Almost 22 percent of the U.S. population speaks a language other than English at home, according to the latest data from the leftist Migration Policy Institute.
The reason: a massive immigration wave that is not only altering what language is spoken at home but is also changing the country’s demography and politics.
MPI’s data provide a detailed look at immigration, such as where immigrants live, how much education they have, and how many live in poverty.
But numbers are what count in the voting booth.
Forty-four Million Foreign Born
MPI’s data show a changed country that has absorbed 44 million immigrants who represent 13.5 percent of the population. The foreign-born share of the U.S. population is at its highest level since 1910,” MPI reported.
However, the recent arrivals have not been assimilating nearly to the extent of past immigration waves that were comprised of foreigners much more likely to pull themselves up by the bootstraps, become productive citizens, support the country’s cultural and political traditions, and consider themselves American. Unfortunately, MPI does not make this point, but it does provide data showing that, because fertility rates in the United States are dismal, immigration is the “main driver” of this country’s population growth, which is 15 percent or higher in 15 unfortunate states:
Between 2010 and 2016, the number of immigrants in the United States increased by 9 percent. The foreign-born population grew by 15 percent or more in 15 states: North Dakota, West Virginia, South Dakota, Delaware, Nebraska, Minnesota, Wyoming, Pennsylvania, Alaska, Indiana, Florida, Nevada, Washington, Iowa, and Maryland…. Approximately 9 million immigrants, or one in every five, reside in these 15 states.
But some states have been impacted more than others. In North Dakota, the foreign-born population grew 48 percent, while South Dakota’s grew 39 percent and Nebraska’s 20 percent. West Virginia’s grew 41 percent.
And those figures don’t provide the whole picture of a changing country. While the percentage of the population speaking a foreign language at home is 22 percent, the actual number is a little more shocking: 65,420,400 nationwide, with 12,168,200 in those 15 states.
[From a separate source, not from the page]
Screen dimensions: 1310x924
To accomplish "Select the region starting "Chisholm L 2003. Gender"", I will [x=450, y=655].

Florida’s number is the highest, with 5.6 million, or nearly 29 percent of its population speaking Spanish at home.
“Unauthorized Immigrants”
MPI also presents notable data on who is here legally and who isn’t, and where illegal aliens live. “The 15 states were home to about 1.7 million unauthorized immigrants in the 2010-14 period, or about 15 percent of the 11 million unauthorized population in the United States,” MPI reported.
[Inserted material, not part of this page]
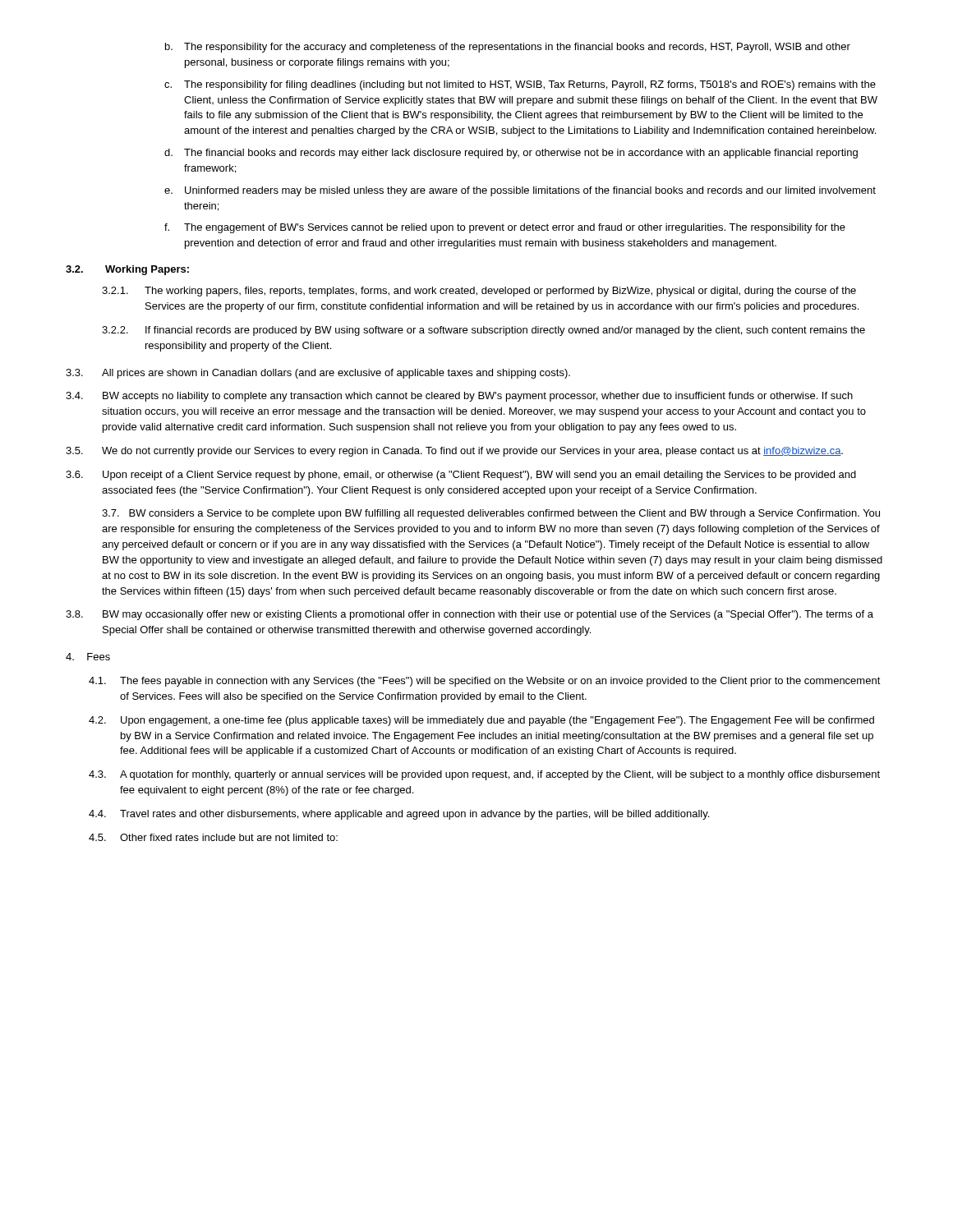Find the region starting "4. Fees"

(88, 657)

As well, the U.S. government and its constellation of taxpayer-subsidized “resettlement” agencies augmented that contingent of illegal aliens with boatloads of refugees.
In total, approximately 120,100 refugees, or one-quarter of the 491,400 admitted to the United States during the 2010-16 period, were resettled in these 15 states. They accounted for 10 percent of total foreign-born population growth in these states over this period.
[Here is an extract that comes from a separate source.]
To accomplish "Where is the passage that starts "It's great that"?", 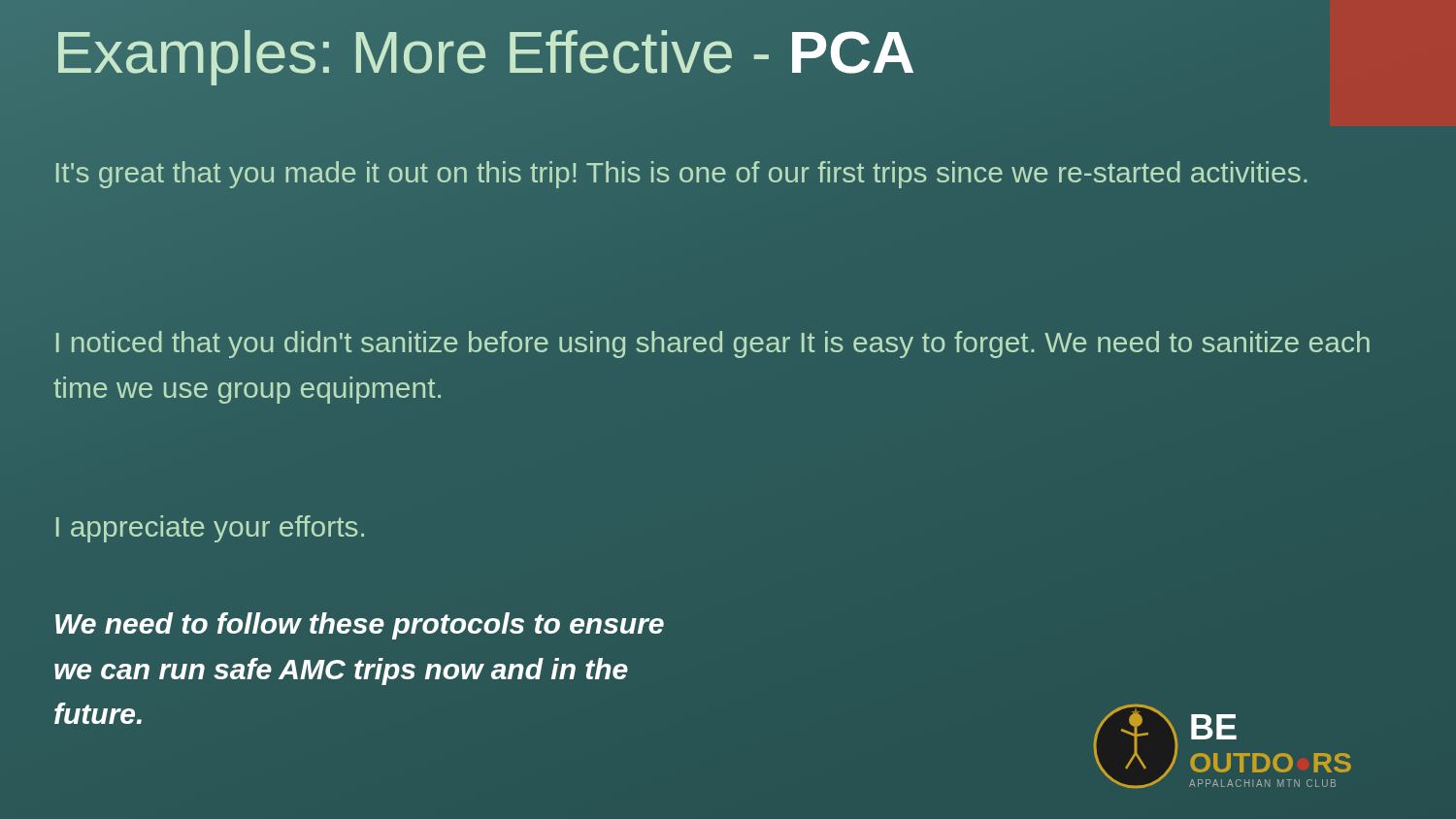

Seventy-five percent of refugees resettled in the 15 states were from one of five countries: Burma (32,100), Bhutan (18,900), Iraq (13,400), Somalia (13,000), or Cuba (12,400). The composition varied across states, with 58 percent of Cubans settling in Florida, 13 percent of Bhutanese in Pennsylvania, and 12 percent of Somalis in Minnesota.
What the Americans who live in these state think about this we are not given to know. But we do know, thanks to MPI, that many of those immigrants — legal, illegal or refugee — landed in the United States since the turn of the century.
“Immigrants residing in the top 15 states arrived in the country more recently than the foreign-born population overall,” MPI reported:
In 2016, 21 percent of the foreign born in these states entered in 2010 or later, 28 percent arrived during the 2000s, and the remaining 51 percent came before 2000. Among all immigrants, 18 percent arrived since 2010, 27 percent came during the 2000s, and 55 percent entered before 2000.
What’s MPI?
MPI is a leftist immigration think tank with a seemingly bipartisan cast. Its chairman, James Ziglar, was President George W. Bush’s chief of Immigration and Naturalization, now called Immigration and Customs Enforcement.
But MPI’s other trustees connect it firmly to the left. One worked for leftist George Soros’ Open Society Institute, now the Open Society Foundations, while another is connected to the Urban Institute.
Given that few if any Europeans or Americans are migrating to Africa, Asia or the Middle East, MPI’s mission is, obviously, pushing Third World migration to the West.
“Fair, smart, transparent, and rights-based immigration and refugee policies can promote social cohesion, economic vitality, and national security,” it claims, and “given the opportunity, immigrants become net contributors and create new social and economic assets.”
MPI wants to create policies that “bring benefits to immigrants and their families, communities of origin and destination, and sending and receiving countries.”
MPI doesn’t tell readers, at least as far as the United States are concerned, that most immigrants vote for Democrats, as the data clearly show, and will push the country’s social and economic policies to the left.